The top command in Linux shows process memory usage in three columns: VIRT (virtual memory), RES (actual memory), and SHR (shared memory). It's a different point with OpenShift pod memory usage values, and you need to check to determine why OpenShift (Kubernetes) adapted the working set.

In Kubernetes documentation, Measuring resource usage - Memory, the working set is the amount of memory in use that cannot be freed under memory pressure. The following information comes from the Kubernetes documentation:

In an ideal world, the "working set" is the amount of memory in-use that cannot be freed under memory pressure. However, calculation of the working set varies by host OS, and generally makes heavy use of heuristics to produce an estimate.

The Kubernetes model for a container's working set expects that the container runtime counts anonymous memory associated with the container in question. The working set metric typically also includes some cached (file-backed) memory, because the host OS cannot always reclaim pages.

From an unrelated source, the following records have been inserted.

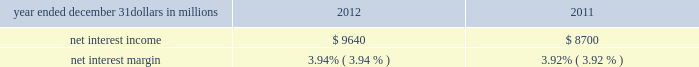Consolidated income statement review our consolidated income statement is presented in item 8 of this report .
Net income for 2012 was $ 3.0 billion compared with $ 3.1 billion for 2011 .
Revenue growth of 8 percent and a decline in the provision for credit losses were more than offset by a 16 percent increase in noninterest expense in 2012 compared to 2011 .
Further detail is included in the net interest income , noninterest income , provision for credit losses and noninterest expense portions of this consolidated income statement review .
Net interest income table 2 : net interest income and net interest margin year ended december 31 dollars in millions 2012 2011 .
Changes in net interest income and margin result from the interaction of the volume and composition of interest-earning assets and related yields , interest-bearing liabilities and related rates paid , and noninterest-bearing sources of funding .
See the statistical information ( unaudited ) 2013 average consolidated balance sheet and net interest analysis and analysis of year-to-year changes in net interest income in item 8 of this report and the discussion of purchase accounting accretion of purchased impaired loans in the consolidated balance sheet review in this item 7 for additional information .
The increase in net interest income in 2012 compared with 2011 was primarily due to the impact of the rbc bank ( usa ) acquisition , organic loan growth and lower funding costs .
Purchase accounting accretion remained stable at $ 1.1 billion in both periods .
The net interest margin was 3.94% ( 3.94 % ) for 2012 and 3.92% ( 3.92 % ) for 2011 .
The increase in the comparison was primarily due to a decrease in the weighted-average rate accrued on total interest- bearing liabilities of 29 basis points , largely offset by a 21 basis point decrease on the yield on total interest-earning assets .
The decrease in the rate on interest-bearing liabilities was primarily due to the runoff of maturing retail certificates of deposit and the redemption of additional trust preferred and hybrid capital securities during 2012 , in addition to an increase in fhlb borrowings and commercial paper as lower-cost funding sources .
The decrease in the yield on interest-earning assets was primarily due to lower rates on new loan volume and lower yields on new securities in the current low rate environment .
With respect to the first quarter of 2013 , we expect net interest income to decline by two to three percent compared to fourth quarter 2012 net interest income of $ 2.4 billion , due to a decrease in purchase accounting accretion of up to $ 50 to $ 60 million , including lower expected cash recoveries .
For the full year 2013 , we expect net interest income to decrease compared with 2012 , assuming an expected decline in purchase accounting accretion of approximately $ 400 million , while core net interest income is expected to increase in the year-over-year comparison .
We believe our net interest margin will come under pressure in 2013 , due to the expected decline in purchase accounting accretion and assuming that the current low rate environment continues .
Noninterest income noninterest income totaled $ 5.9 billion for 2012 and $ 5.6 billion for 2011 .
The overall increase in the comparison was primarily due to an increase in residential mortgage loan sales revenue driven by higher loan origination volume , gains on sales of visa class b common shares and higher corporate service fees , largely offset by higher provision for residential mortgage repurchase obligations .
Asset management revenue , including blackrock , totaled $ 1.2 billion in 2012 compared with $ 1.1 billion in 2011 .
This increase was primarily due to higher earnings from our blackrock investment .
Discretionary assets under management increased to $ 112 billion at december 31 , 2012 compared with $ 107 billion at december 31 , 2011 driven by stronger average equity markets , positive net flows and strong sales performance .
For 2012 , consumer services fees were $ 1.1 billion compared with $ 1.2 billion in 2011 .
The decline reflected the regulatory impact of lower interchange fees on debit card transactions partially offset by customer growth .
As further discussed in the retail banking portion of the business segments review section of this item 7 , the dodd-frank limits on interchange rates were effective october 1 , 2011 and had a negative impact on revenue of approximately $ 314 million in 2012 and $ 75 million in 2011 .
This impact was partially offset by higher volumes of merchant , customer credit card and debit card transactions and the impact of the rbc bank ( usa ) acquisition .
Corporate services revenue increased by $ .3 billion , or 30 percent , to $ 1.2 billion in 2012 compared with $ .9 billion in 2011 due to higher commercial mortgage servicing revenue and higher merger and acquisition advisory fees in 2012 .
The major components of corporate services revenue are treasury management revenue , corporate finance fees , including revenue from capital markets-related products and services , and commercial mortgage servicing revenue , including commercial mortgage banking activities .
See the product revenue portion of this consolidated income statement review for further detail .
The pnc financial services group , inc .
2013 form 10-k 39 .
What was the change in millions in net interest income between 2011 and 2012? 
Computations: (9640 - 8700)
Answer: 940.0. 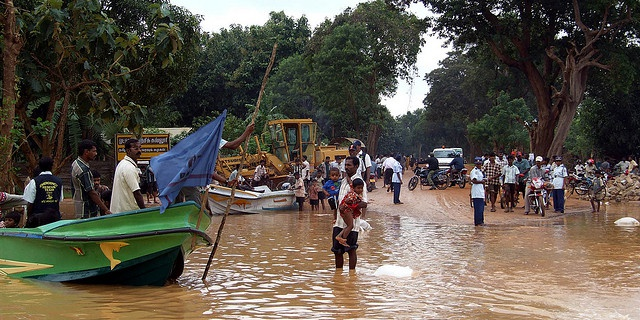Describe the objects in this image and their specific colors. I can see boat in black, darkgreen, and teal tones, people in black, gray, darkgray, and lightgray tones, people in black, maroon, darkgray, and lightgray tones, people in black, darkgray, gray, and olive tones, and people in black, darkgray, lightgray, and gray tones in this image.

In other words, working set is the appropriate metric for monitoring OOM limitations if you set up a resources.limits.memory limitation in pods. As you know, when reaching the memory limits size, the cgroup cuts pods out with OOM events if it's not successful trying to reclaim memory through techniques such as using some kinds of caches.

However, the working set includes the page cache, which is for disk I/O performance. For example, when loading large files in processes, consider that an unexpected page cache would be bigger, making the working set larger than the actual in-use memory size not reclaimed for the pod.

As a result, the working set intends to show how much memory is required to run the pods. Even though the working set is bigger than the size limit, it does not always trigger OOM events due to the caches. So consider that during monitoring pods’ memory, the working set provides only an estimate of memory usage and trends.

Using oc adm top nodes to monitor memory usage of nodes

The oc adm top nodes shows a different memory usage compared to oc adm top pods. It means the memory usage is available for evaluation as to whether it's enough to schedule pods to the nodes.

By default, oc adm top nodes is based on Allocatable logical total size of the memory, not the actual total size. To check the actual memory usage of your nodes, run oc adm top nodes --show-capacity instead.

Remember, OpenShift (Kubernetes) is a container platform, and the most important workload unit is a pod, so recognize that the memory usage metrics of OpenShift (Kubernetes) differ from those of legacy Linux hosts. Applying the same resource mindset of Linux hosts to OpenShift (Kubernetes) nodes leads to misunderstanding. The Allocatable is the total resource size for those pods; the Kubernetes scheduler considers only the memory needed to schedule the pods based on Node Allocatable.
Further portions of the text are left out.